Vertical Slice Architecture - daigoba66
https://jimmybogard.com/vertical-slice-architecture/
======
quizotic
So I just had an experience of being forced into "vertical slice"
_development_ (not quite the same as architecture, but still). This seemed
initially as crazy as erecting a multi-story building in vertical slices. But
it turned out to have some advantages, and I might do it again by choice.

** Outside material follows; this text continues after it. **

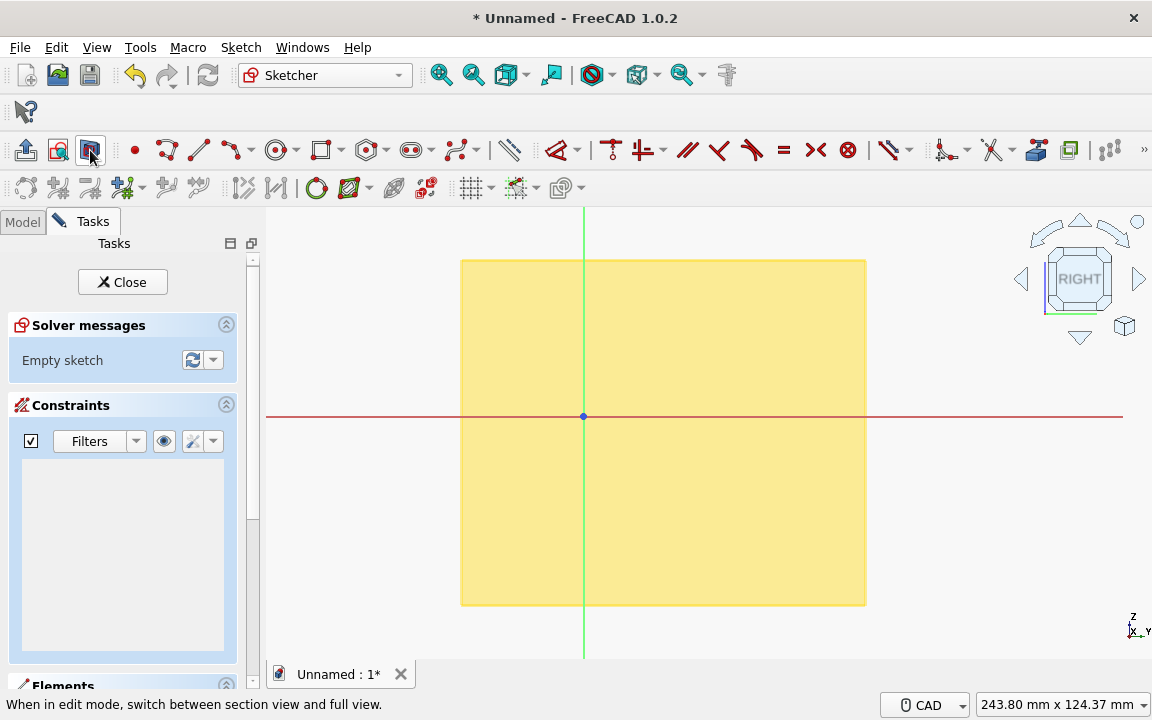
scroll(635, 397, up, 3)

At the risk of stating the obvious, at the end of the day, it's the use cases
and user stories that matter, and in my experience, these almost always evolve
over the life of a project. Designing from the ground up often ends up
supporting potential requirements that never become real. As the project grows
and matures, it becomes hard to trace whether some capability in a lower layer
is critical or unneeded, so the tendency is to keep everything. This can
become an albatross.

The virtue of vertical development, is that it's easier to do all the work and
only the work that is required.

Theoretically, the flip side is that it's easy to avoid thinking up front
about the big picture, and easy to promote stove-piping with all of its
disadvantages.

My guess is that either the traditional or the vertical approach involves
eventual refactoring, and that the first leads to bloat in unused capability
while the second leads to bloat in duplicated capability. But the bloat comes
later in the project with the vertical approach. In the early phases of a
project, the vertical approach may lead to leaner, more malleable systems,
with faster delivery and user interaction.

Bottom line for me, is that vertical development didn't fail (I thought it
would), and had some surprising benefits.